INFORMATION SHOWN START

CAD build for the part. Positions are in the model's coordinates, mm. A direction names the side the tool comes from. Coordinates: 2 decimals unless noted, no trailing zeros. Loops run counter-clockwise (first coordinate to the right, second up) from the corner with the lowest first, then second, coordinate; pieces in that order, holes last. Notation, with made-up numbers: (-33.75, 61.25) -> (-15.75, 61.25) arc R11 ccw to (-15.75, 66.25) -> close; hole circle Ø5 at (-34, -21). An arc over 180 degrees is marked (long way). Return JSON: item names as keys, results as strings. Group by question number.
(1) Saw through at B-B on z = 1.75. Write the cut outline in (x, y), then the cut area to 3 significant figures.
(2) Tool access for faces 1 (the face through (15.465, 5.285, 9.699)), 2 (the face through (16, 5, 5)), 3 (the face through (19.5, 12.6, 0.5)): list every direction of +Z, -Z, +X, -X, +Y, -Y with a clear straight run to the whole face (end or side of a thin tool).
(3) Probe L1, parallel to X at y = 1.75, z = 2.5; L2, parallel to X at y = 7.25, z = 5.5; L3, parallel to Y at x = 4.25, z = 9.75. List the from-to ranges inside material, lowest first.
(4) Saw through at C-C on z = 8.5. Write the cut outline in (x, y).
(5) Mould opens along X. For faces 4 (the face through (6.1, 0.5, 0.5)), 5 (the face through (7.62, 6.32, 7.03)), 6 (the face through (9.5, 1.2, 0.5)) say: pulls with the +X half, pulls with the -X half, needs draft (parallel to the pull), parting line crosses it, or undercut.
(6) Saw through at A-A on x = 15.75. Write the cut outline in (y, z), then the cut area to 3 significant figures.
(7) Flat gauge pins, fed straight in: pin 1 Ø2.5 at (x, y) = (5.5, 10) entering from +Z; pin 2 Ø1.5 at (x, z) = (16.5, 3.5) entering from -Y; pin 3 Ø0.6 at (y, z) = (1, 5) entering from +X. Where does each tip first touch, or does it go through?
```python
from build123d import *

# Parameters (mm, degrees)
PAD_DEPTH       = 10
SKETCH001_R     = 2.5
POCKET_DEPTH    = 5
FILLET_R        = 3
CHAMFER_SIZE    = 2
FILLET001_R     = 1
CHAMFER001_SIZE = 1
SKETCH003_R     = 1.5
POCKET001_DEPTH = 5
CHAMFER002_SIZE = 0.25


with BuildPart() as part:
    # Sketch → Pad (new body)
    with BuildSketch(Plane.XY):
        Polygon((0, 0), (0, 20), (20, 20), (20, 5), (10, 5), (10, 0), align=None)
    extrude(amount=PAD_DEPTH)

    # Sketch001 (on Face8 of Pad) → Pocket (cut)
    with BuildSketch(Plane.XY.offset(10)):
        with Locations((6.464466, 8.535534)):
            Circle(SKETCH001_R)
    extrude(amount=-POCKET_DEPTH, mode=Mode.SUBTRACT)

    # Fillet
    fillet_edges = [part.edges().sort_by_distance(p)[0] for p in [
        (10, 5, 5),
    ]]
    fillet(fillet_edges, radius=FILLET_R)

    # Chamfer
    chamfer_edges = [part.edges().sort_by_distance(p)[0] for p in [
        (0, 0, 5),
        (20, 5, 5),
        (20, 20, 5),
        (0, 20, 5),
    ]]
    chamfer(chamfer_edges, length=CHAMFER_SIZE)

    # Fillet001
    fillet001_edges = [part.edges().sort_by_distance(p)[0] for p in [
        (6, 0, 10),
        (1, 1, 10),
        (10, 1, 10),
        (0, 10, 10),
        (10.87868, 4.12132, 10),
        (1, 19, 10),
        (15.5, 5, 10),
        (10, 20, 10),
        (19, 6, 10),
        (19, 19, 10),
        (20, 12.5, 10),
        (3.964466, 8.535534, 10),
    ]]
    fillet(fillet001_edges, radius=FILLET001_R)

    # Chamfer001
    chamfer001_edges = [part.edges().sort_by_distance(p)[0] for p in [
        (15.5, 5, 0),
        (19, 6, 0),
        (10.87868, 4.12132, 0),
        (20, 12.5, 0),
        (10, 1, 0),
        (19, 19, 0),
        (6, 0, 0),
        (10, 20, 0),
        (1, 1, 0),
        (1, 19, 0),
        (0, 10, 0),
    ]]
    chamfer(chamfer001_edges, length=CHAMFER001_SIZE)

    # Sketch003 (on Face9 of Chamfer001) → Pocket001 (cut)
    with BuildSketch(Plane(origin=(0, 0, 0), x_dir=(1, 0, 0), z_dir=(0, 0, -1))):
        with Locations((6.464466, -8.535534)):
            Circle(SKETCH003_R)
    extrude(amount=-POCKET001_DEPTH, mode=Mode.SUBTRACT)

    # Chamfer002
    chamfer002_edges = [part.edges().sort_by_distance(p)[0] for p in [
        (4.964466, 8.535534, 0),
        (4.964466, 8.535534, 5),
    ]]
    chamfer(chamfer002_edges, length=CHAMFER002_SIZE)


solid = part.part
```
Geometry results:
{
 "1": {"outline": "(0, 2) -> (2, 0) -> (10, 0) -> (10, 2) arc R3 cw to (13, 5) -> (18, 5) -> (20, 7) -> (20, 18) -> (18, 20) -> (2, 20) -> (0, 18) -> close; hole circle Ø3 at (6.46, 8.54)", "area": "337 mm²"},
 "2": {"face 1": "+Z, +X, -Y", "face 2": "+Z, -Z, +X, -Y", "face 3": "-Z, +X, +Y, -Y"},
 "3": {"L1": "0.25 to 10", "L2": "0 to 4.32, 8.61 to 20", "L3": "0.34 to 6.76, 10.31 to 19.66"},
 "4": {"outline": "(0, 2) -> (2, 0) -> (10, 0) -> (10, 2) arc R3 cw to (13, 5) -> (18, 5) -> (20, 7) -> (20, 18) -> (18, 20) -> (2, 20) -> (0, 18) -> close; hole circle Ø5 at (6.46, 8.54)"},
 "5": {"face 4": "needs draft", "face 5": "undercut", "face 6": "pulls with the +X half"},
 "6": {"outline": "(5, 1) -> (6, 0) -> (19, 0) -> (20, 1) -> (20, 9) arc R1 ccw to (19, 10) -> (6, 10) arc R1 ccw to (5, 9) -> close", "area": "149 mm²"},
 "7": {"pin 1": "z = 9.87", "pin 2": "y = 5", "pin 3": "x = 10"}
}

INFORMATION SHOWN END

• [PROBLEM DESCRIPTION]: Your reply must repeat the records above exactly and in full.

• [RESULT]:
CAD build for the part. Positions are in the model's coordinates, mm. A direction names the side the tool comes from. Coordinates: 2 decimals unless noted, no trailing zeros. Loops run counter-clockwise (first coordinate to the right, second up) from the corner with the lowest first, then second, coordinate; pieces in that order, holes last. Notation, with made-up numbers: (-33.75, 61.25) -> (-15.75, 61.25) arc R11 ccw to (-15.75, 66.25) -> close; hole circle Ø5 at (-34, -21). An arc over 180 degrees is marked (long way). Return JSON: item names as keys, results as strings. Group by question number.
(1) Saw through at B-B on z = 1.75. Write the cut outline in (x, y), then the cut area to 3 significant figures.
(2) Tool access for faces 1 (the face through (15.465, 5.285, 9.699)), 2 (the face through (16, 5, 5)), 3 (the face through (19.5, 12.6, 0.5)): list every direction of +Z, -Z, +X, -X, +Y, -Y with a clear straight run to the whole face (end or side of a thin tool).
(3) Probe L1, parallel to X at y = 1.75, z = 2.5; L2, parallel to X at y = 7.25, z = 5.5; L3, parallel to Y at x = 4.25, z = 9.75. List the from-to ranges inside material, lowest first.
(4) Saw through at C-C on z = 8.5. Write the cut outline in (x, y).
(5) Mould opens along X. For faces 4 (the face through (6.1, 0.5, 0.5)), 5 (the face through (7.62, 6.32, 7.03)), 6 (the face through (9.5, 1.2, 0.5)) say: pulls with the +X half, pulls with the -X half, needs draft (parallel to the pull), parting line crosses it, or undercut.
(6) Saw through at A-A on x = 15.75. Write the cut outline in (y, z), then the cut area to 3 significant figures.
(7) Flat gauge pins, fed straight in: pin 1 Ø2.5 at (x, y) = (5.5, 10) entering from +Z; pin 2 Ø1.5 at (x, z) = (16.5, 3.5) entering from -Y; pin 3 Ø0.6 at (y, z) = (1, 5) entering from +X. Where does each tip first touch, or does it go through?
```python
from build123d import *

# Parameters (mm, degrees)
PAD_DEPTH       = 10
SKETCH001_R     = 2.5
POCKET_DEPTH    = 5
FILLET_R        = 3
CHAMFER_SIZE    = 2
FILLET001_R     = 1
CHAMFER001_SIZE = 1
SKETCH003_R     = 1.5
POCKET001_DEPTH = 5
CHAMFER002_SIZE = 0.25


with BuildPart() as part:
    # Sketch → Pad (new body)
    with BuildSketch(Plane.XY):
        Polygon((0, 0), (0, 20), (20, 20), (20, 5), (10, 5), (10, 0), align=None)
    extrude(amount=PAD_DEPTH)

    # Sketch001 (on Face8 of Pad) → Pocket (cut)
    with BuildSketch(Plane.XY.offset(10)):
        with Locations((6.464466, 8.535534)):
            Circle(SKETCH001_R)
    extrude(amount=-POCKET_DEPTH, mode=Mode.SUBTRACT)

    # Fillet
    fillet_edges = [part.edges().sort_by_distance(p)[0] for p in [
        (10, 5, 5),
    ]]
    fillet(fillet_edges, radius=FILLET_R)

    # Chamfer
    chamfer_edges = [part.edges().sort_by_distance(p)[0] for p in [
        (0, 0, 5),
        (20, 5, 5),
        (20, 20, 5),
        (0, 20, 5),
    ]]
    chamfer(chamfer_edges, length=CHAMFER_SIZE)

    # Fillet001
    fillet001_edges = [part.edges().sort_by_distance(p)[0] for p in [
        (6, 0, 10),
        (1, 1, 10),
        (10, 1, 10),
        (0, 10, 10),
        (10.87868, 4.12132, 10),
        (1, 19, 10),
        (15.5, 5, 10),
        (10, 20, 10),
        (19, 6, 10),
        (19, 19, 10),
        (20, 12.5, 10),
        (3.964466, 8.535534, 10),
    ]]
    fillet(fillet001_edges, radius=FILLET001_R)

    # Chamfer001
    chamfer001_edges = [part.edges().sort_by_distance(p)[0] for p in [
        (15.5, 5, 0),
        (19, 6, 0),
        (10.87868, 4.12132, 0),
        (20, 12.5, 0),
        (10, 1, 0),
        (19, 19, 0),
        (6, 0, 0),
        (10, 20, 0),
        (1, 1, 0),
        (1, 19, 0),
        (0, 10, 0),
    ]]
    chamfer(chamfer001_edges, length=CHAMFER001_SIZE)

    # Sketch003 (on Face9 of Chamfer001) → Pocket001 (cut)
    with BuildSketch(Plane(origin=(0, 0, 0), x_dir=(1, 0, 0), z_dir=(0, 0, -1))):
        with Locations((6.464466, -8.535534)):
            Circle(SKETCH003_R)
    extrude(amount=-POCKET001_DEPTH, mode=Mode.SUBTRACT)

    # Chamfer002
    chamfer002_edges = [part.edges().sort_by_distance(p)[0] for p in [
        (4.964466, 8.535534, 0),
        (4.964466, 8.535534, 5),
    ]]
    chamfer(chamfer002_edges, length=CHAMFER002_SIZE)


solid = part.part
```
Geometry results:
{
 "1": {"outline": "(0, 2) -> (2, 0) -> (10, 0) -> (10, 2) arc R3 cw to (13, 5) -> (18, 5) -> (20, 7) -> (20, 18) -> (18, 20) -> (2, 20) -> (0, 18) -> close; hole circle Ø3 at (6.46, 8.54)", "area": "337 mm²"},
 "2": {"face 1": "+Z, +X, -Y", "face 2": "+Z, -Z, +X, -Y", "face 3": "-Z, +X, +Y, -Y"},
 "3": {"L1": "0.25 to 10", "L2": "0 to 4.32, 8.61 to 20", "L3": "0.34 to 6.76, 10.31 to 19.66"},
 "4": {"outline": "(0, 2) -> (2, 0) -> (10, 0) -> (10, 2) arc R3 cw to (13, 5) -> (18, 5) -> (20, 7) -> (20, 18) -> (18, 20) -> (2, 20) -> (0, 18) -> close; hole circle Ø5 at (6.46, 8.54)"},
 "5": {"face 4": "needs draft", "face 5": "undercut", "face 6": "pulls with the +X half"},
 "6": {"outline": "(5, 1) -> (6, 0) -> (19, 0) -> (20, 1) -> (20, 9) arc R1 ccw to (19, 10) -> (6, 10) arc R1 ccw to (5, 9) -> close", "area": "149 mm²"},
 "7": {"pin 1": "z = 9.87", "pin 2": "y = 5", "pin 3": "x = 10"}
}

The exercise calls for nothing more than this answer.